• _EXERCISE_
Find every line below with the word "files" in it, and copy each one.

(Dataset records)

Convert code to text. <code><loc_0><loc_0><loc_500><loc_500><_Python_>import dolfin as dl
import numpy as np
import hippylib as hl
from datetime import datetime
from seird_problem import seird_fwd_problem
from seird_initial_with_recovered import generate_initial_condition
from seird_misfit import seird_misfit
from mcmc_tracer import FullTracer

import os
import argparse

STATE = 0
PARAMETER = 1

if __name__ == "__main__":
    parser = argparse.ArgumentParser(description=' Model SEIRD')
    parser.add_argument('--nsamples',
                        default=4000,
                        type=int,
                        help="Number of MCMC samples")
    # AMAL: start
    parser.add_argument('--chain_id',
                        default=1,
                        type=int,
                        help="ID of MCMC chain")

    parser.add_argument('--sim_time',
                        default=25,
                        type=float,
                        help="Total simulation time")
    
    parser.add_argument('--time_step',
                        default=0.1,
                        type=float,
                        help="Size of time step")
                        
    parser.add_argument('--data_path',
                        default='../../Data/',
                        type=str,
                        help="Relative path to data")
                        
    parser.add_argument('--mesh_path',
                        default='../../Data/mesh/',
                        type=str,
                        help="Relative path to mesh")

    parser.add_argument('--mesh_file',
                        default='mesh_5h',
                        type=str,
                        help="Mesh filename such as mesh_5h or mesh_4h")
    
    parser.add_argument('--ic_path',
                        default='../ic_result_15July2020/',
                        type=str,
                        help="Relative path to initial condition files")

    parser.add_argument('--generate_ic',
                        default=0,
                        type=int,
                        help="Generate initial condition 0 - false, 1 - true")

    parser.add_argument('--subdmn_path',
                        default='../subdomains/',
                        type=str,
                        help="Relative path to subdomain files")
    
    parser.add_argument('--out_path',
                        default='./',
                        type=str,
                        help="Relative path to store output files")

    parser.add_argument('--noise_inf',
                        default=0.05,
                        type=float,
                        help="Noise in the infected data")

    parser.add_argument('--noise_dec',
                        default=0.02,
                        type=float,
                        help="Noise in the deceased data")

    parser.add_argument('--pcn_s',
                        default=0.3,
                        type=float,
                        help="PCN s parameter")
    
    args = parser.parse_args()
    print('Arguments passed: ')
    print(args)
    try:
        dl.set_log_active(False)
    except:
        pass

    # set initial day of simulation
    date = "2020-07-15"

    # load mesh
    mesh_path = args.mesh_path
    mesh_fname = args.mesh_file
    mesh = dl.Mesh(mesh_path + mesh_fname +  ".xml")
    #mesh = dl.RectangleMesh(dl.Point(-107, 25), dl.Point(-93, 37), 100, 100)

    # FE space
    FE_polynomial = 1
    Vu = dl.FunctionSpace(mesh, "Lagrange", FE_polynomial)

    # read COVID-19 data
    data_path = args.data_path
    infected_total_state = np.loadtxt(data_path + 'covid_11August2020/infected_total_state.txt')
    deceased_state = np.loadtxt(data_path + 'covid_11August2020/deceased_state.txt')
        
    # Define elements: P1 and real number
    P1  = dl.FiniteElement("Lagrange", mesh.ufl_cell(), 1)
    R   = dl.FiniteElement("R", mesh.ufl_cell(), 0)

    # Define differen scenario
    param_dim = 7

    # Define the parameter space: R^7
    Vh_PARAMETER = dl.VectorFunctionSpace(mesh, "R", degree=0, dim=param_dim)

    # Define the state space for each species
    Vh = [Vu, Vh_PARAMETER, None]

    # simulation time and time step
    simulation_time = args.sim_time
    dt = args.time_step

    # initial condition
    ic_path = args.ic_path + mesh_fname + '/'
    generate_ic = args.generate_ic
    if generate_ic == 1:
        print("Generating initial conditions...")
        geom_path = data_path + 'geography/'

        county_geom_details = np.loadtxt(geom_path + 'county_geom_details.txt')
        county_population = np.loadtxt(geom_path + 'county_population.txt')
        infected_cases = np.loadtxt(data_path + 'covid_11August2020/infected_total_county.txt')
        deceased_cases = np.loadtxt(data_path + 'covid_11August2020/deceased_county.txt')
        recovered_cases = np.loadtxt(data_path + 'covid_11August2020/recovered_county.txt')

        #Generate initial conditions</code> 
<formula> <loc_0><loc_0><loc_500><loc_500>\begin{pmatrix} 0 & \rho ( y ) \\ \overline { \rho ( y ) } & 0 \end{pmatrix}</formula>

• _SOLUTION TO THIS PROBLEM_
                        help="Relative path to initial condition files")
                        help="Relative path to subdomain files")
                        help="Relative path to store output files")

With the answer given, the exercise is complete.